[[ Exercise input open ]]

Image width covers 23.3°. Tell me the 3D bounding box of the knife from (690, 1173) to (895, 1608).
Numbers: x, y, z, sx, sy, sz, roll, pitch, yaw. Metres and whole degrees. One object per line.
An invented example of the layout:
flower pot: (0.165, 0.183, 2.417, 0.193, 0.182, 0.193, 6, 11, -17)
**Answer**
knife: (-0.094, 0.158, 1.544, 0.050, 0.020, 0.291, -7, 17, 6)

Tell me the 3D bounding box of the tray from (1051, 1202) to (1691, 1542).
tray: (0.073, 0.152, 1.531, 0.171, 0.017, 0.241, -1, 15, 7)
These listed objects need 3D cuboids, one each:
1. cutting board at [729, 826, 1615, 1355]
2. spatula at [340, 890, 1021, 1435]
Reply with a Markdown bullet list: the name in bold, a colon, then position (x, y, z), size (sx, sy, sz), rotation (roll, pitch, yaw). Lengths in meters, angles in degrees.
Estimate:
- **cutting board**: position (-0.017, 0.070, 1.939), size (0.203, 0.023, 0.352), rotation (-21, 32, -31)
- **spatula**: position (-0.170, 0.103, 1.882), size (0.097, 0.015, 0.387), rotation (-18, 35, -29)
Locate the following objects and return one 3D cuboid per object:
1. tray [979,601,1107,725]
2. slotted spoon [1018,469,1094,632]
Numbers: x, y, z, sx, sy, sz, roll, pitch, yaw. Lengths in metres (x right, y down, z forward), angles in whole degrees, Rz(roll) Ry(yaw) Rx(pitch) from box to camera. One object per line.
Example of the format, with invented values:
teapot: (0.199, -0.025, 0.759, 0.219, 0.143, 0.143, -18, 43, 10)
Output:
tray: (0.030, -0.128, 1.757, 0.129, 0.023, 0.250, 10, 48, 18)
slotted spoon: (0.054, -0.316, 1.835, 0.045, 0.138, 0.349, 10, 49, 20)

[[ Exercise input closed ]]

__Your objective__. In the entries above, find each line with the string "Lengths" and copy it.

__Answer to this task__.
Reply with a Markdown bullet list: the name in bold, a colon, then position (x, y, z), size (sx, sy, sz), rotation (roll, pitch, yaw). Lengths in meters, angles in degrees.
Numbers: x, y, z, sx, sy, sz, roll, pitch, yaw. Lengths in metres (x right, y down, z forward), angles in whole degrees, Rz(roll) Ry(yaw) Rx(pitch) from box to camera. One object per line.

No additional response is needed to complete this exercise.